I don't think Minerva got Saoirse's message either.
"Now!" Minerva titters as she herds us toward the bank of elevators. The other Tributes and chaperones are crowding them and it's hard to hear Minerva's instructions. "We'll watch the recaps and then it's straight to bed with both of you! Tomorrow begins training and we want you rested and ready!" She waves us into the first open one. The District 2 Tributes and one particularly sullen boy in the tree suit from 7 end up squashed in with us. Minerva has been lost in the push and waves us on as the elevator doors close.
Keepsie had called the 2s Herculean. I know what that means. Grandfather tells those stories from time to time out on the trawler. Stories about impossible heroes. Strong, great and deeply flawed. Keepsie hadn't been exaggerating.
District 2 is positively enormous.
They have to be Eighteens, both of them. Their stylists have them painted like stone statues. Every muscle is perfectly defined. Every angle of their faces. They're both impossibly beautiful.

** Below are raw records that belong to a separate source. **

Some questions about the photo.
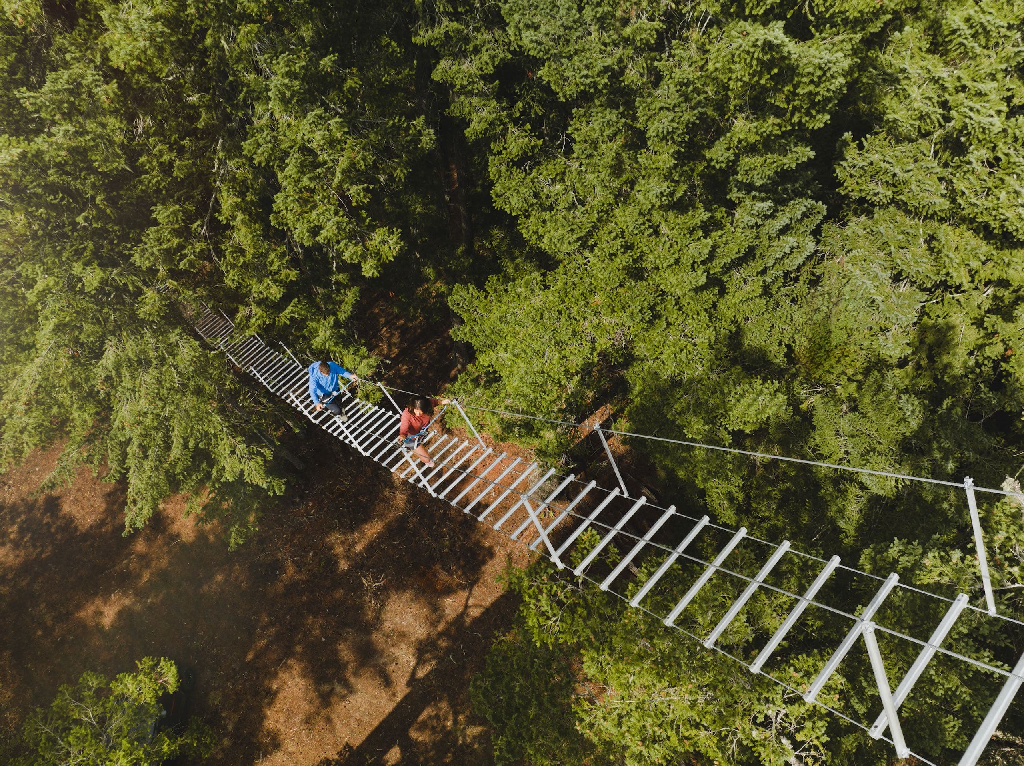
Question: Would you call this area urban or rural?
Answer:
rural
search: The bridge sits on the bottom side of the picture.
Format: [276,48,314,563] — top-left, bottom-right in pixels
[175,292,1024,766]

"What are you supposed to be, 4?" Girl 2 sneers at me. She is tall and lean. Not scrawny or thin like me, but muscled and solid. Elegant features. Brown eyes. I can't even begin to imagine what colors her hair and her skin might be, she is so caked in paint, like white marble. "A drowning victim?"
"Selkies, actually." Flynn corrects her. I'm grateful he does. Given how rattled I am, I don't trust my voice to stay strong to do it myself and I certainly don't need to give them another excuse to think me weak.
"Selkies?" Boy 2 has at least fifty pounds on even Flynn. He's a darker marble color than she is and his eyes are darker. Harder. Colder. "Is that some District 4 word for 'drowned'?" The 2s laugh at their joke. Girl 2 looks triumphant and eager, like she can't wait to tear out our throats. Boy 2 has something else in his eyes when he watches me. Something greedy. I don't like it. I'm unbelievably grateful when we reach their floor before either Flynn or I have to reply.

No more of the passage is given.